BEGIN Exercise input
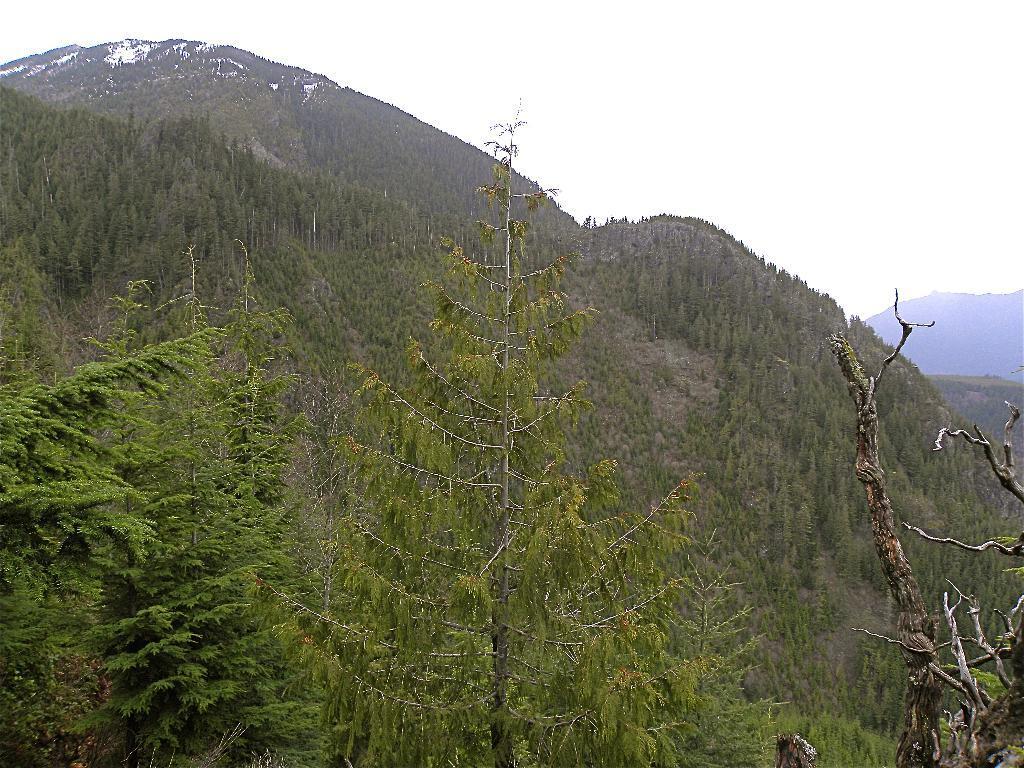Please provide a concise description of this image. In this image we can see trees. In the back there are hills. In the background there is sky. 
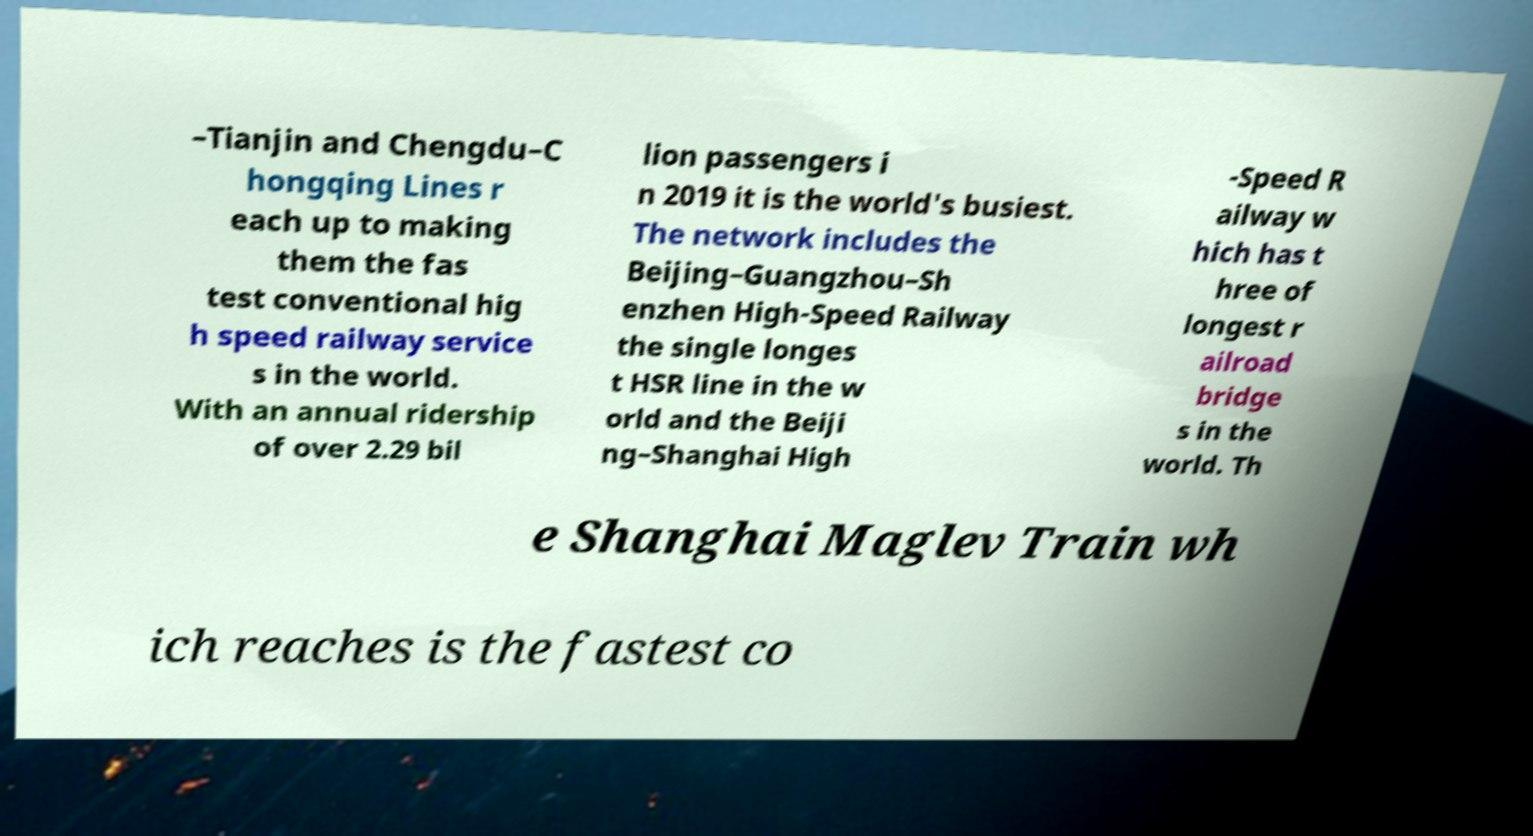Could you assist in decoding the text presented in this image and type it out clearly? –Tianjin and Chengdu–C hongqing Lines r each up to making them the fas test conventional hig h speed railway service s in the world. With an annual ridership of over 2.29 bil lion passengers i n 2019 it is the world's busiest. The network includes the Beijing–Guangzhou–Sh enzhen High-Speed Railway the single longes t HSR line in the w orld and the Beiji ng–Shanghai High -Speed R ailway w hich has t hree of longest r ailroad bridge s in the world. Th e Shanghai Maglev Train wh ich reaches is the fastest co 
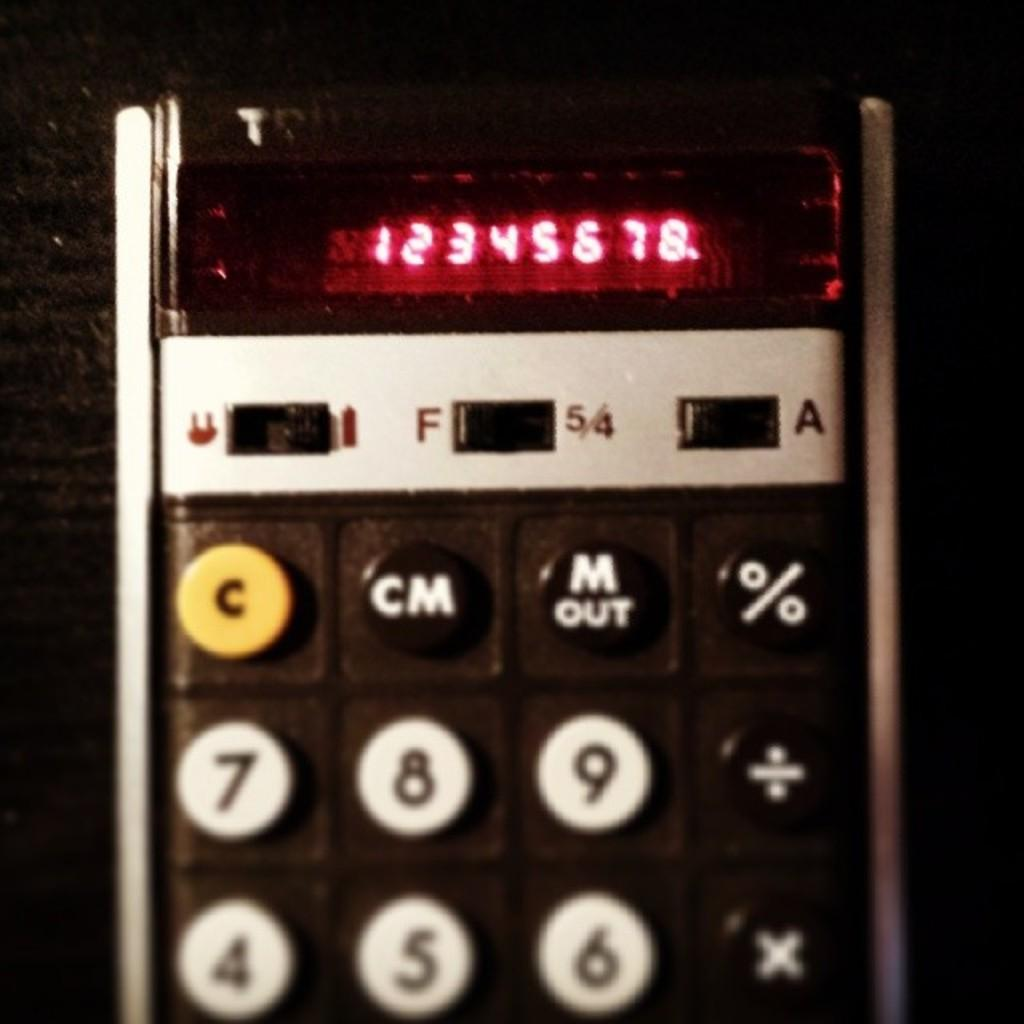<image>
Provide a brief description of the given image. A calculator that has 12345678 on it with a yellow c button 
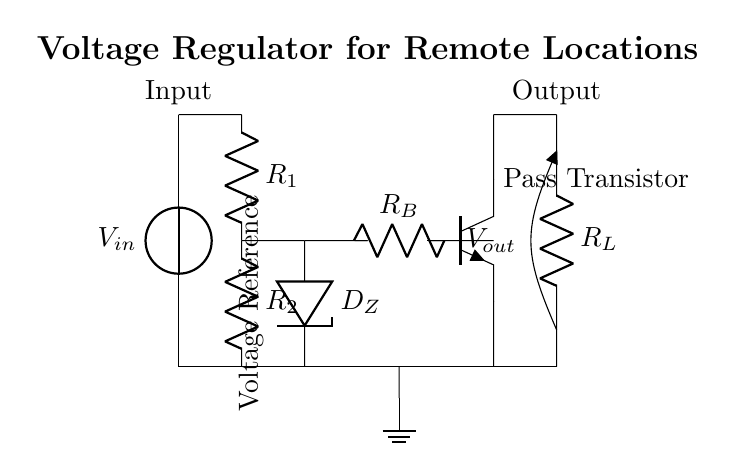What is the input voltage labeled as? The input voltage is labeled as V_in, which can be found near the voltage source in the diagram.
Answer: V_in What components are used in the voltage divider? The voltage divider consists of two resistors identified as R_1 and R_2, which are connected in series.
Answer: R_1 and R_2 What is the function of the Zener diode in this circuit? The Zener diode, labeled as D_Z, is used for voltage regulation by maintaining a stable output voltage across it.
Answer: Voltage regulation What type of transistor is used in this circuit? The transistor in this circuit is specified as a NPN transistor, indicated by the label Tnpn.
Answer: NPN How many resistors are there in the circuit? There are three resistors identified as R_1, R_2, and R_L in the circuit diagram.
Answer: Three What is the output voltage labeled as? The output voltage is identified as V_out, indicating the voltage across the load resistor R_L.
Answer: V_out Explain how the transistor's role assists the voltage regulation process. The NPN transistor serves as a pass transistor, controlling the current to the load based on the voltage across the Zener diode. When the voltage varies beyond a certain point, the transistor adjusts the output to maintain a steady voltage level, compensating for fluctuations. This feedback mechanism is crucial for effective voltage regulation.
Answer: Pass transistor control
END Exercise input
Try it: Up to and including the line containing "Could you assist", repeat every line from the start of the data, but none of the pictures.

Solution:
Please provide a concise description of this image. In this image we can see trees. In the back there are hills. In the background there is sky. 
Could you assist in decoding the text presented in this image and type it out clearly? –Tianjin and Chengdu–C hongqing Lines r each up to making them the fas test conventional hig h speed railway service s in the world. With an annual ridership of over 2.29 bil lion passengers i n 2019 it is the world's busiest. The network includes the Beijing–Guangzhou–Sh enzhen High-Speed Railway the single longes t HSR line in the w orld and the Beiji ng–Shanghai High -Speed R ailway w hich has t hree of longest r ailroad bridge s in the world. Th e Shanghai Maglev Train wh ich reaches is the fastest co 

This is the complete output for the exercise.